Samenfest statt Hybrid

Im Gemüseanbau setzen immer mehr Bio-BäuerInnen auf alte, samenfeste Sorten. Die Samen dieser Sorten werden im Bio-Landbau weiter vermehrt und müssen nicht - wie bei Hybridsorten üblich - jedes Jahr wieder neu zugekauft werden. So wurden beispielsweise viele alte Paradeisersorten wiederentdeckt, die durchaus widerstandsfähig und pflegeleicht sind. Und auch samenfeste Karotten überzeugen nicht nur durch ihren Geschmack, sondern erzielen auch gute Erträge. Vorausgesetzt sie wurden mit dem entsprechenden Fingerspitzengefühl angebaut.

Und so präsentiert sich vor allem bei Bio LandwirtInnen eine Sortenvielfalt, die jeden erstaunen lässt. Denn die Karotte ist nicht immer nur orange: Kräftig orange, gelblich, weiß, violett, dick, dünn, konisch, kugelrund, zylindrisch, saftig, süß, leicht nussig, kräftig oder herb - die Karotte bietet für jeden Geschmack etwas. Auch vergessene Apfelsorten, die häufig von biologischen Streuobstwiesen stammen, kehren nach und nach wieder auf die Märkte zurück. Der Anbau und die Ernte dieser Streuobstwiesen ist zwar sehr viel zeitaufwändiger, dafür sehen die Wiesen nicht nur schön aus, sondern bieten auch vielen Tieren und Nützlingen Nahrung und Unterschlupf.
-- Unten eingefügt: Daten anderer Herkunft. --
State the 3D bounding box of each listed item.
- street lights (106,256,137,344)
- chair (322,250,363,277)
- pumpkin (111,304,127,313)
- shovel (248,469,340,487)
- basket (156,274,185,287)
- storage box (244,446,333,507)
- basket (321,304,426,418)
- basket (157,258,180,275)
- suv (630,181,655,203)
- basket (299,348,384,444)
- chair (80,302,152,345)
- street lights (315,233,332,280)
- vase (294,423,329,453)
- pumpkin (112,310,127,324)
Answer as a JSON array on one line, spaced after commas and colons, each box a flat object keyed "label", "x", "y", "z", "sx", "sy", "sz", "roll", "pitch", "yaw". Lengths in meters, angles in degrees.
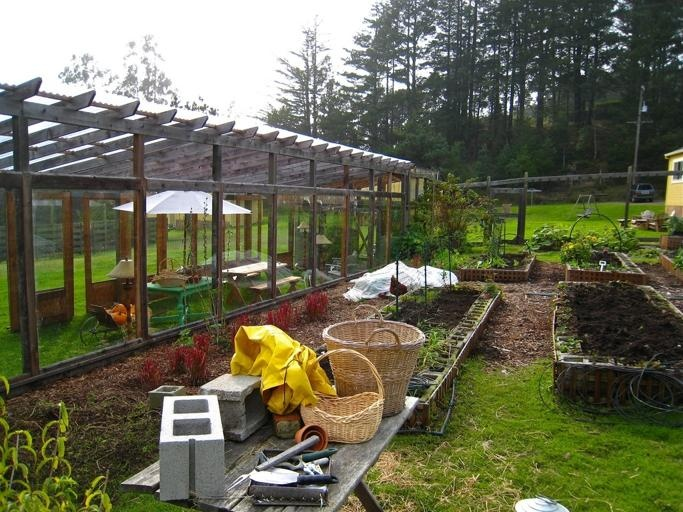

Alte Rassen wieder im Kommen

Auch bei der Tierzucht besinnt man sich heute wieder auf alte Haustierrassen. Sie bringen zwar weniger Milch und Fleischertrag, sind aber als „Allrounder" weniger stressanfällig. So taucht das Turpoljeschwein wieder verstärkt in Bio-Betrieben auf. Die genügsamen und robusten Tiere mit dichten Borsten eignen sich problemlos für die ganzjährige Freilandhaltung. Darüber hinaus überzeugt die hervorragende Fleisch und Speckqualität selbst anspruchsvolle Gaumen. Ebenso anspruchslos und kälteresistent ist das Mangalitzaschwein. Die ungarische Schweinerasse war Mitte des 19. Jahrhunderts in Europa weit verbreitet. Die besondere Qualität liegt in der Herstellung von Dauerwaren wie Speck und Wurst.

Heute steht es auf der Roten Liste der Gesellschaft zur Erhaltung alter und gefährdeter Haustierrassen. So gibt es nur mehr einige Tiere in Ungarn, Deutschland, der Schweiz, Österreich und Tschechien. Was sich hoffentlich - Dank des Einsatzes vieler Bio-LandwirtInnen und der Lust der KonsumentInnen auf besten Genuss - in Zukunft wieder ändern wird.